Asset Quality Remained Sound. NPL ratio stayed manageable at 1.13% in FY25 (FY24: 1.12% | 9M25: 1.19%), with strong coverage at 231%. LAR declined to 6.51% in FY25 (FY24: 6.76% | 9M25: 6.48%).

 

 

• Provision Expenses Declined in 4Q25 and FY25. Provision expenses declined -72.8% QoQ & -63.8% YoY to IDR 867B in 4Q25, while FY25 provisions fell -5.01% YoY to IDR 11.33T (FY24: IDR 11.93T). CoC stood at 0.58% in FY25, at the lower end of management guidance. For FY26, management targets CoC at 0.6%–0.8%, reflecting a measured normalization of provisioning costs, supported by an expected stabilization in LAR.

 

 

 

🔹 “Overweight” Recommendation at Level IDR 5,600 / Share (Upside Potential +12.5%)

 

NHKSI Research maintains an “Overweight” call on BMRI with a revised TP of IDR 5,600, implying 1.45x 26F P/BV (-1 STD from the 3-year average). Potential catalysts include stronger-than-expected loan growth and profitability metrics, particularly NIM resilience.
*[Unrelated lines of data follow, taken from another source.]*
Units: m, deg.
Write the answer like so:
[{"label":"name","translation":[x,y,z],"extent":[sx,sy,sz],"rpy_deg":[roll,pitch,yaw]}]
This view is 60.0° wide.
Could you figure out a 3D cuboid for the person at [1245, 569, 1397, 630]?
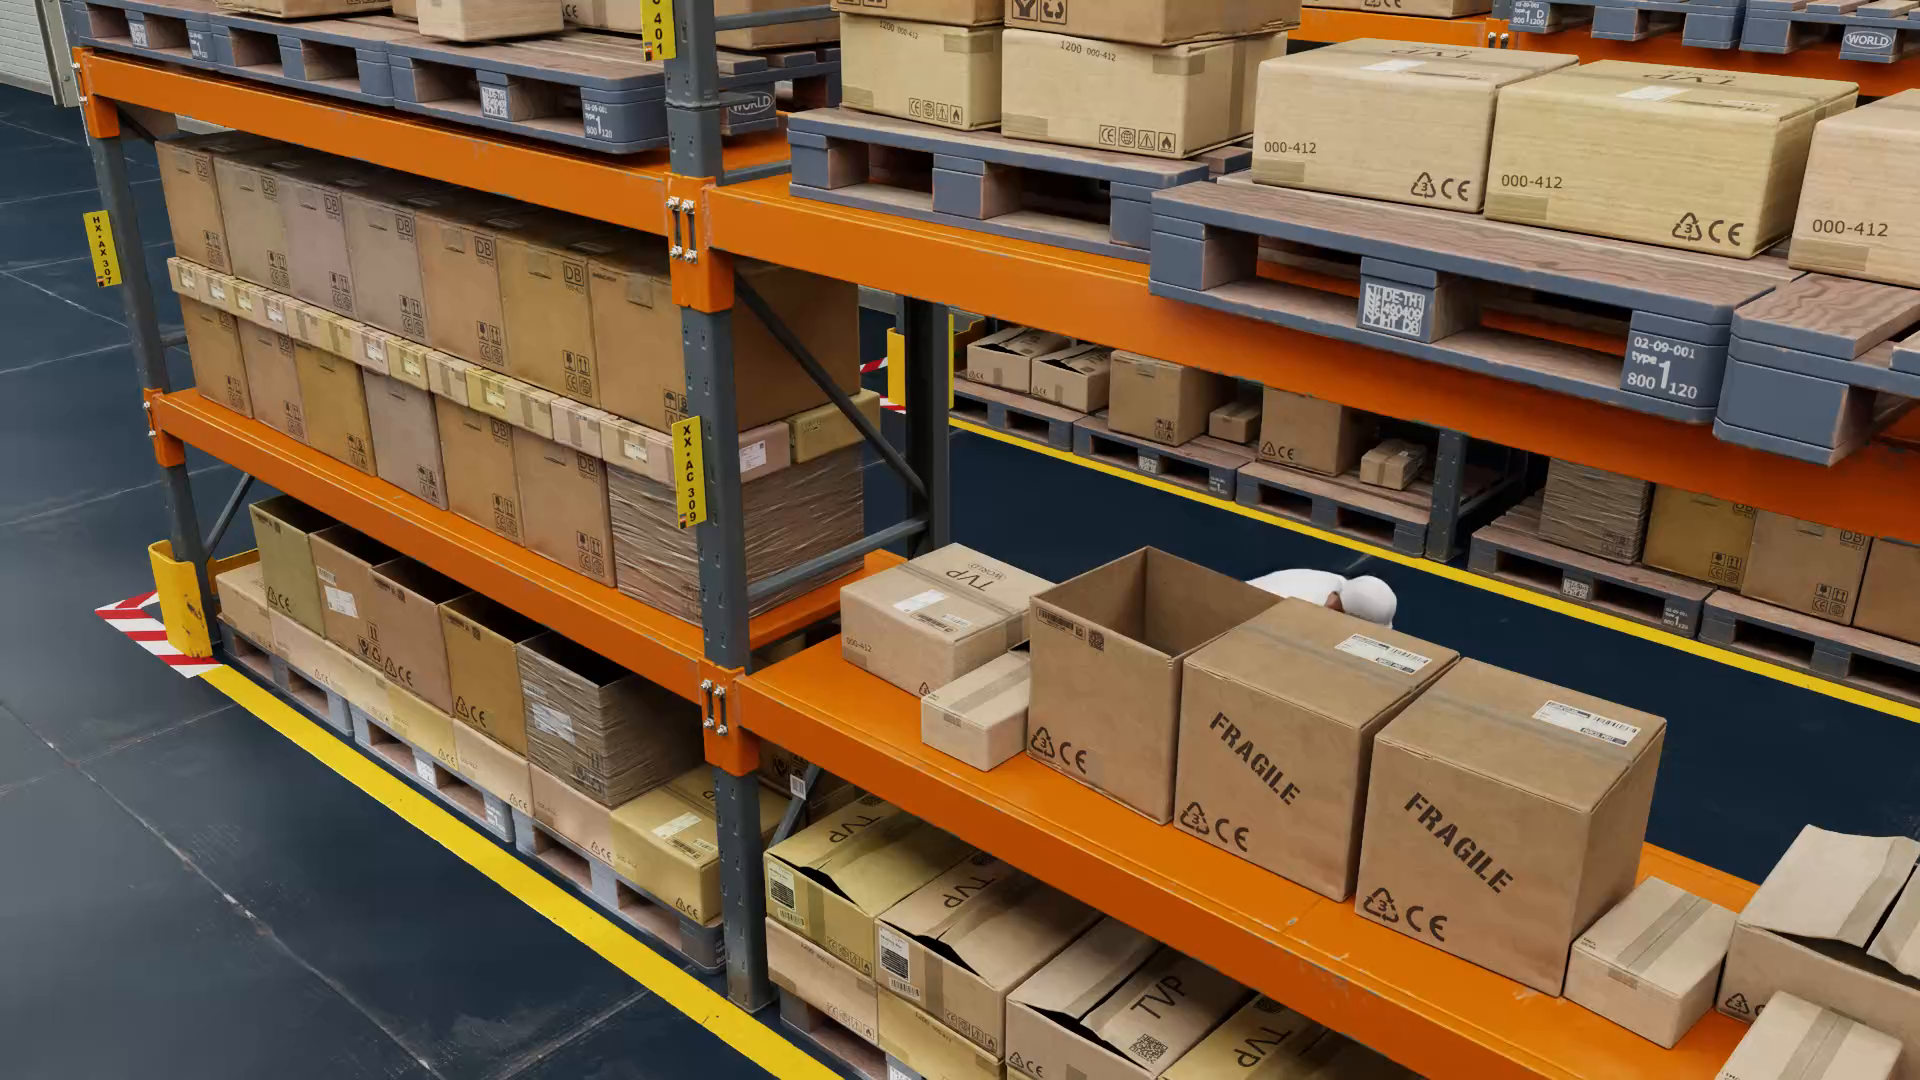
[{"label":"person","translation":[1.313,0.538,6.787],"extent":[0.895,1.035,0.584],"rpy_deg":[20,30,38]}]

While NIM is likely to normalize amid easing rates, operational performance—supported by sustained non-interest income growth—should continue to underpin earnings stability. Key downside risks include macroeconomic and political uncertainties, intensifying competition within the banking sector, and weaker-than-expected loan growth or NIM realization.